Чащин, услышав коверканье своей фамилии, недовольно засопел.

– Чего набычился-то, боулингоголовый? – Горобец не упустил возможности снова поддеть сослуживца.

По правде говоря, бритый круглый череп Чащина с близко посаженными глазами действительно напоминал шар для боулинга.

– Слышь, ушлепок, достал уже! – попытался неудачно парировать Чащин, сгребая со стола дырокол, якобы собираясь бросить его в обидчика.

На пару секунд Чащин замолчал, лихорадочно думая, что бы еще такого неприятного сказать вдогонку, после чего его лицо расплылось в ехидной ухмылке.

– Иди бамбук жри, панда!

– Пошутил, да? Последнюю копеечку у Петросяна отобрал? – Горобец сделал недовольную гримасу.

Дмитрий очень не любил это погоняло – Панда. А получил он его из-за мешков под глазами, которые резко контрастировали с его соломенными волосами и еле заметными веснушками. Свои мешки под глазами Горобец объяснял хронической бессонницей.
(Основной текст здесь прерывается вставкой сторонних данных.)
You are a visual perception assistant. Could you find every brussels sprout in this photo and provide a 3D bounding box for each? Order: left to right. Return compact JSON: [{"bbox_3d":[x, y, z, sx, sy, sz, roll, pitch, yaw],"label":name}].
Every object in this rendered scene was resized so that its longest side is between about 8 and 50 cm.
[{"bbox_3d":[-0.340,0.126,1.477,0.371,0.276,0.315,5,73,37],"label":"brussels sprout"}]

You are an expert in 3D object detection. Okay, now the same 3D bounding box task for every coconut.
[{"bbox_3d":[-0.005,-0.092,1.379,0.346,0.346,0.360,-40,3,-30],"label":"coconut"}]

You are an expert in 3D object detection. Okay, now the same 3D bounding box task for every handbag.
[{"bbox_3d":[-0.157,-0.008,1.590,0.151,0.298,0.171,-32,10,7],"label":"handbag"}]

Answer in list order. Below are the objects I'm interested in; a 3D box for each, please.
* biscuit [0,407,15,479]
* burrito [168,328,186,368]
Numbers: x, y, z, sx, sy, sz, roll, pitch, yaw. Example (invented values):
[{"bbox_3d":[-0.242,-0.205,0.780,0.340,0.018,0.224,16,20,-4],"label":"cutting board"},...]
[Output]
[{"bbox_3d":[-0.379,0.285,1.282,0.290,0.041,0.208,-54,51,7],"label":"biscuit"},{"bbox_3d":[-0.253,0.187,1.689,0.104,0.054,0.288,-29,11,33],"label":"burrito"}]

Вот только эта неожиданная бессонница по времени почему-то совпала с выходом новой части одной популярной компьютерной игрушки.

– Брейк, девочки, пока косички друг другу не повыдирали, – старший следователь не собирался слушать очередную перепалку своих подчиненных.

Бригов присел на край стола Горобца.

– Мы знаем, что он не любит творческих личностей. О чем это может говорить? – Бригов словно подталкивал Чащина и Горобца к собственным выводам. Хотя пользы от лысого здоровяка в этом деле было немного, силовая поддержка – это да, в любое время и в любых количествах. А вот любитель всевозможных гаджетов Горобец порой приходил к очень интересным умозаключениям, и что важно – перспективным.

– Про это уже мы говорили – обиженный ребенок, творчество которого никто не понимает, – Димон вытащил из принтера распечатку нескольких фотороботов, в которых было что-то общее, но что именно – не очень понятно.

Распечатка была протянута Бригову, но тот сразу же отложил ее в сторону – насмотрелись уже. Из второй распечатки Горобец начал деловито складывать бумажный самолет, у каждого в отделе были свои методы концентрации.

– Значит, нужно искать непризнанного гения с тяжелым расстройством шифера? Я правильно говорю? – Бригов в этот момент напоминал сердобольного профессора, который наводящими вопросами пытается на экзамене вытащить студента-лоботряса.

– Правильно! – подхватил Чащин, тут же получивший воображаемый «трояк» в свою зачетку.

– Ну, как правильно? – а вот Горобец не спешил так быстро соглашаться. – Возможно, он и занимается искусством, а возможно, и не занимается, но при этом считает, что имеет право судить других.

– Я тебя услышал, – согласился Бригов, – но я все же думаю, что Сальери некоторое время назад пытался заявить, но его не оценили. И этот недооценок стал мстить всему миру. Были ли у нас какие-то громкие творческие скандалы где-то полгода назад?

– Пффф … – физиономия Горобца растянулась в улыбке, – да полный интернет!

Пущенный Горобцом самолетик медленно пролетел по кабинету, заложил вираж и плавно приземлился прямо на стол Чащина. Изделие местного авиапрома тут же было скомкано и метким броском отправлено в мусорную корзину.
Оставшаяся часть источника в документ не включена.